▶ What you will do
Copy every line from the records that holds the word "degrees".

▶ Material supplied
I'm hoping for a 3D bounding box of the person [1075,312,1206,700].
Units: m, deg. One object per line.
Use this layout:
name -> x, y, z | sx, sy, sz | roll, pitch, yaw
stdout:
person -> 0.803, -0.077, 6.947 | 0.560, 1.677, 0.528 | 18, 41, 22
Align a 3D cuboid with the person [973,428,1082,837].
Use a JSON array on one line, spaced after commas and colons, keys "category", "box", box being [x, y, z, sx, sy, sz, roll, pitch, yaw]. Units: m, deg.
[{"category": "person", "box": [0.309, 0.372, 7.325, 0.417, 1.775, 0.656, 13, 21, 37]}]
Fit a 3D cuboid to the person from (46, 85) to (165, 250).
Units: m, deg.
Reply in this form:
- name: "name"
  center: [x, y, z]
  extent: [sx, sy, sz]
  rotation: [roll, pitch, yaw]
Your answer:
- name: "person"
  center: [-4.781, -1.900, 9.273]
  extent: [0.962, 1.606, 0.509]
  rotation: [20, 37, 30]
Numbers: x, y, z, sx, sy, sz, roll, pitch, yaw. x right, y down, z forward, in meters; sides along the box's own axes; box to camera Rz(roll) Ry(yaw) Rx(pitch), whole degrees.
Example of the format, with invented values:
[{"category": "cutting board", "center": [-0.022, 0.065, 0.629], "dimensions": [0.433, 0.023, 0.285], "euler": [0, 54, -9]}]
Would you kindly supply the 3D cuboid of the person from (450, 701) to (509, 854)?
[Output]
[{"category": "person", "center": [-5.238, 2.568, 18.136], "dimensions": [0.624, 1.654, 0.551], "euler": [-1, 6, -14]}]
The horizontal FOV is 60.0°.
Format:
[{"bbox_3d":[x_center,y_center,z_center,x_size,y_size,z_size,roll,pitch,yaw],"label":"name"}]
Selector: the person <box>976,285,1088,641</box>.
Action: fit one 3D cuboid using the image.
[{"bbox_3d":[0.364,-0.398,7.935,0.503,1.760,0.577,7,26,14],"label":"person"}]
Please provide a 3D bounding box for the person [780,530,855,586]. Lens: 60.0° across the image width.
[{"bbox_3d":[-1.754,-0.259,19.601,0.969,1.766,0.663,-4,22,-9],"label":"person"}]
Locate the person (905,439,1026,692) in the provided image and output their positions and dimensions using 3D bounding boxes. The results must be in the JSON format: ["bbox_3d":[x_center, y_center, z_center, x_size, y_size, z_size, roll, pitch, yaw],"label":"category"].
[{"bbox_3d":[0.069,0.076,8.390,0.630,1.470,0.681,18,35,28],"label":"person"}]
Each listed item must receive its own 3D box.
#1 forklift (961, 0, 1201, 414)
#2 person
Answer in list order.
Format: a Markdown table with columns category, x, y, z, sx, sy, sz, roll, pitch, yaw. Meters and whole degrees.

▶ Reply
Numbers: x, y, z, sx, sy, sz, roll, pitch, yaw. x right, y down, z forward, in meters; sides along the box's own axes; box to camera Rz(roll) Ry(yaw) Rx(pitch), whole degrees.
Format: a Markdown table with columns category, x, y, z, sx, sy, sz, roll, pitch, yaw. Meters and whole degrees.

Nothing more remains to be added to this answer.